He would say, "I have all authority." But notice, even in Jesus's awareness of who he is, infinitely God, eternally Now, in the incarnation, man, fully God and fully man.
Jesus says, "I have an authority that's given to me." Hebrews chapter 1 says in the old times that God spoke to his forefathers and prophets in many ways, but in these last days he has spoken to us by his son, whom he has made heir of all things.
Hebrews 1:2 and through whom he has made the world.
Jesus has all authority.
Or Colossians chapter 1, where Jesus holds all things together by the power of his word.
Jesus has all authority.
He has all commanding authority to these disciples.
Jesus rules the mission.
If we were preaching just on the Great Commission at a missions conference, you might you might say the the the commanding authority the commanding charge and then the commanding presence.
Jesus rules with all authority he says and it is an authority that has been given to him by his father.
But notice Jesus is not just isolated from the father and the spirit.
His authority is exercised in the unfolding revelation of God as Father, Son and Holy Spirit because he then says go therefore And baptized, disciple all nations, baptizing them in the name singular of the Father, Son, and Holy Spirit, plural.
Now, if you're a math major, you know that 1 + 1 equals 2, but Jesus does some funny math here.
The name and then the name has three aspects, Father, Son, and Holy Spirit.
What is he doing?
He is saying not only does Jesus rule the mission but secondly, the Trinity defines the people.
When you are baptized in this church, you are baptized with water in the Triune name, Father, Son, and Holy Spirit.
That you in a sense are I ask the fathers the name of the child because they tell me they're given name and then they are baptized into the visible community of this church in the name of the Father, Son, and Holy Spirit.
They have now a new name.
They are called Christian.
And they are brought into the visible church through the mark of baptism, which is a sign and seal of God's covenant promise upon them to always be with them, to remind them of the truth.

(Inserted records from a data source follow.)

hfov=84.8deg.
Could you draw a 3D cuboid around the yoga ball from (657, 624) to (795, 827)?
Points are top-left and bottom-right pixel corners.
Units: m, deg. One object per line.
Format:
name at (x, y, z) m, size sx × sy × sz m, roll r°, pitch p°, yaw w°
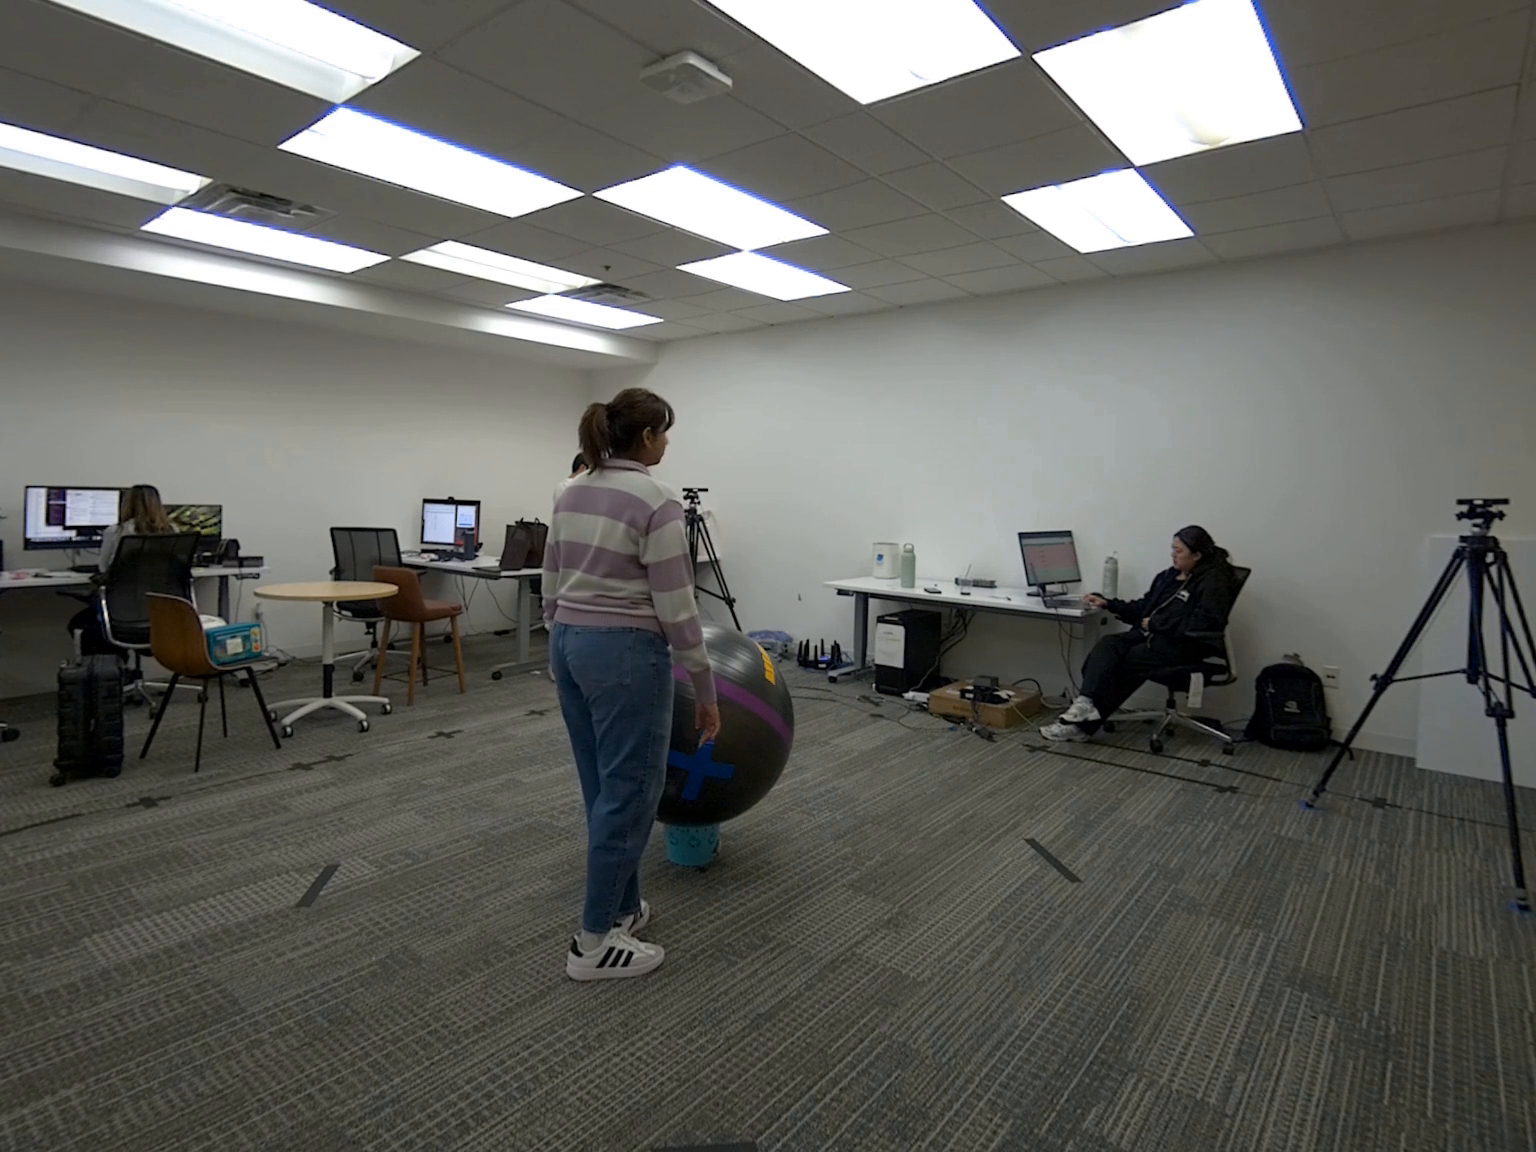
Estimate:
yoga ball at (-0.290, 0.547, 3.208) m, size 0.757 × 0.756 × 0.762 m, roll 1°, pitch 4°, yaw -2°

to help them walk in light of them being set apart from the world as his very own people.
And if you grew up like I grew up, you might think back upon your own uh baptism where you were baptized in my church, it was at the front of the church.
And I was baptized in July of 1986 by Dr.
Morris Chapman.
It was I remember it like it was yesterday.
It was a Sunday night.
But after that baptism, quite frankly, I never really thought about it much after that.

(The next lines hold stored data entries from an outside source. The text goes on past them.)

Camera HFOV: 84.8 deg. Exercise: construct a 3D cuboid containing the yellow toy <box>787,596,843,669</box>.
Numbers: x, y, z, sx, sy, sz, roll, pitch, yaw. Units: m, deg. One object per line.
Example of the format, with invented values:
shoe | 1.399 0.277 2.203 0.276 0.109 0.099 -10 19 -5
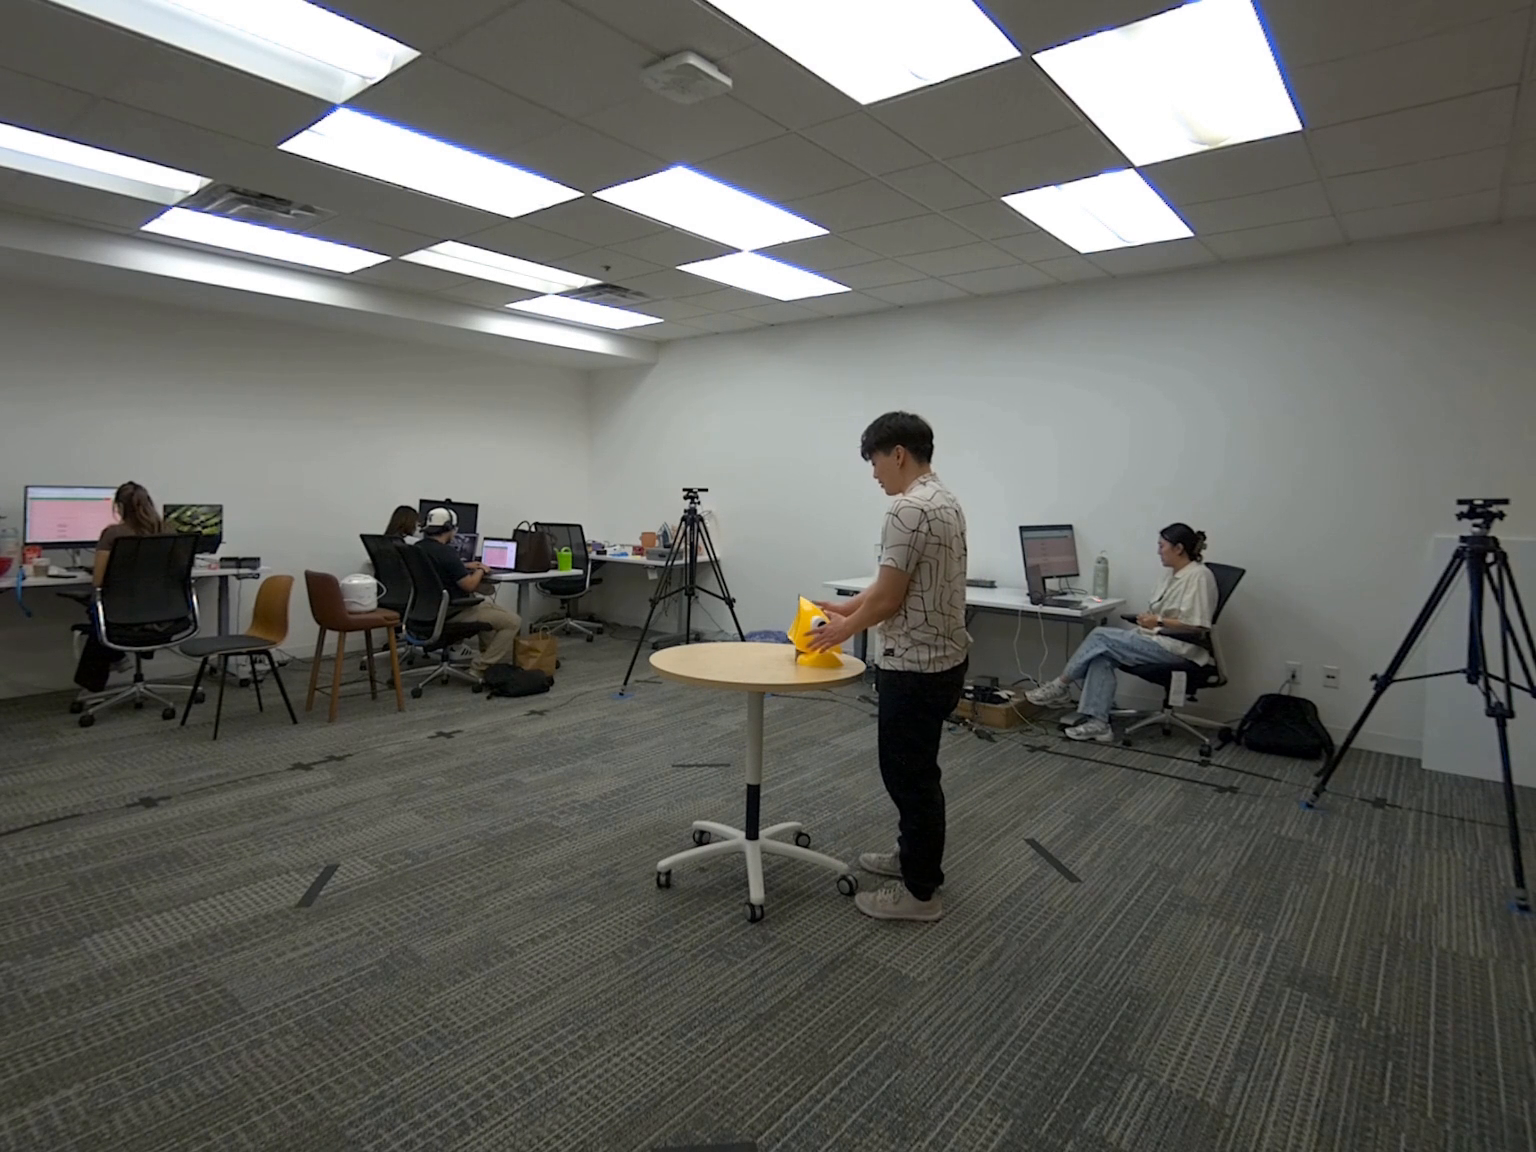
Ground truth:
yellow toy | 0.163 0.188 3.047 0.192 0.230 0.207 0 4 -6

But I had the name of the Triune God placed upon me just as many of you do and children just as many as you as you of you have had.
And do you know why we put our baptismal in the back of this church?

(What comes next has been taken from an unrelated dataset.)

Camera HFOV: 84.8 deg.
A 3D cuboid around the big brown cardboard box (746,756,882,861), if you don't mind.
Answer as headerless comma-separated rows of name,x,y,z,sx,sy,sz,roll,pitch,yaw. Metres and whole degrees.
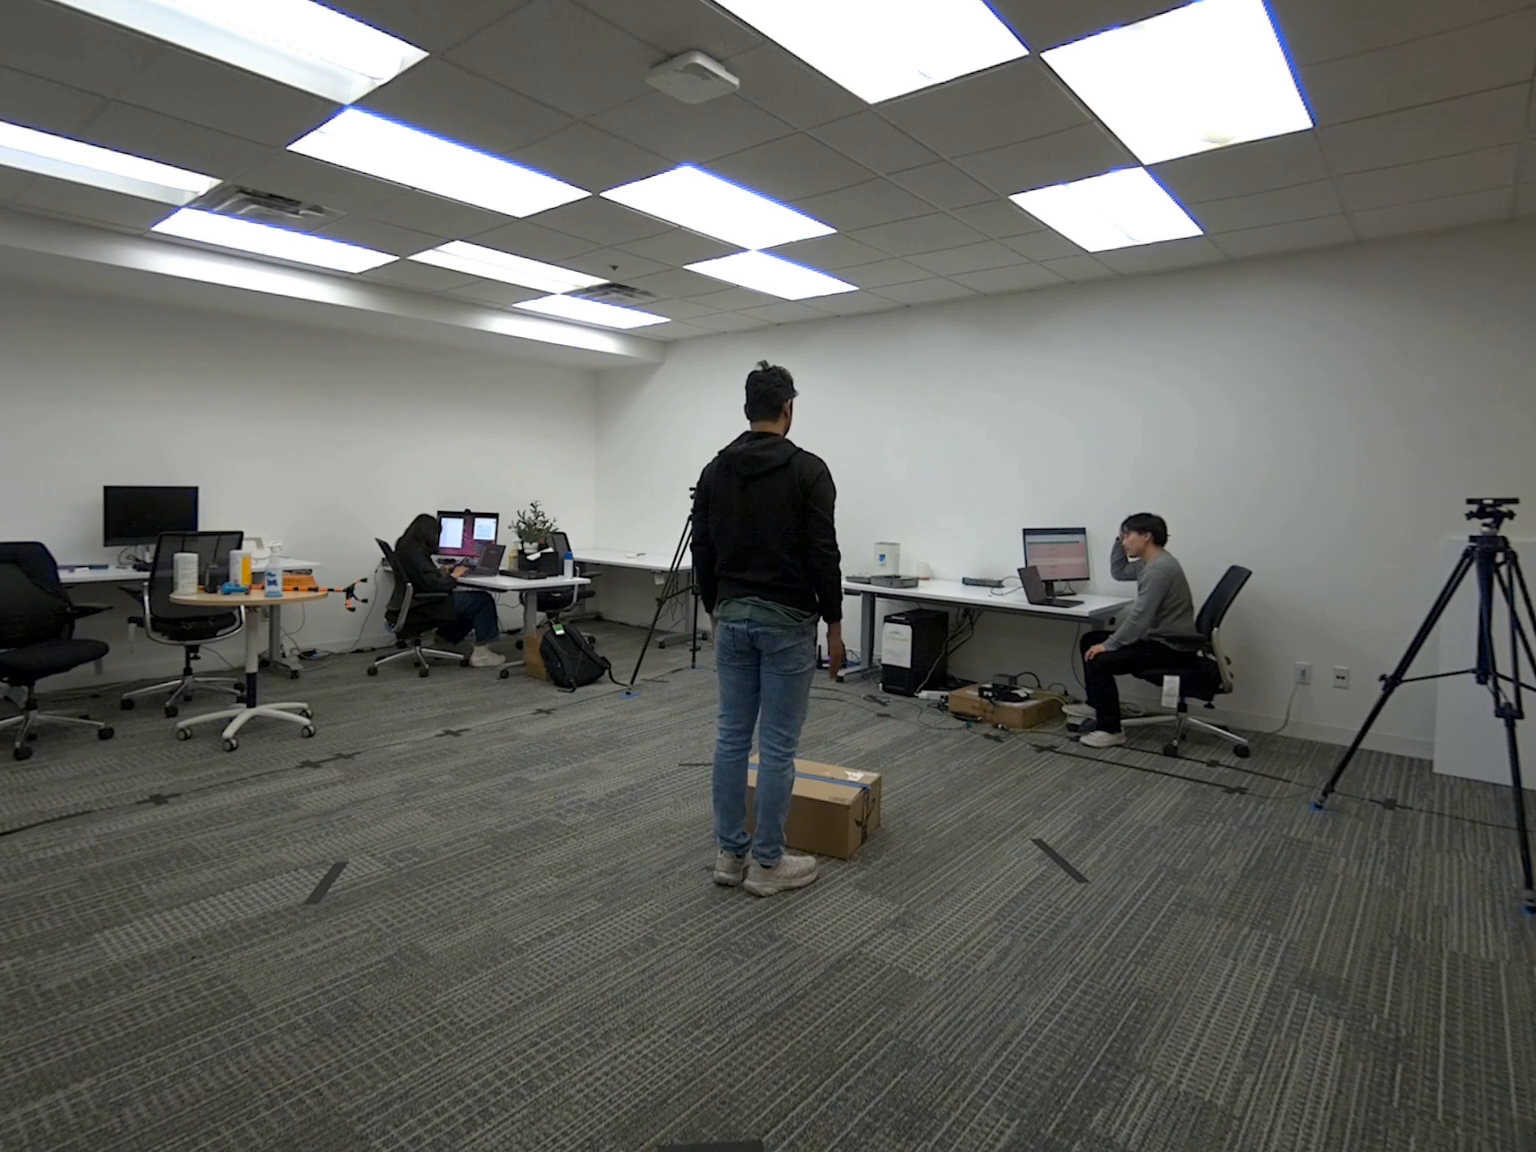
big brown cardboard box,0.127,0.924,3.494,0.604,0.232,0.408,3,5,25

Doesn't it seem strange for some of you?
Why is it back there?
They have got a place to put it up here?
Do you know why it's in the back?
It's in the back because you enter into public worship.
You enter in to worship as God's people through the waters of your baptism.
And we put it in the back so that when you come into worship, into corporate worship, the first thing that you're thinking about is remembering your baptism that you've been set apart by the Tri you name, Father, Son, and Holy Spirit.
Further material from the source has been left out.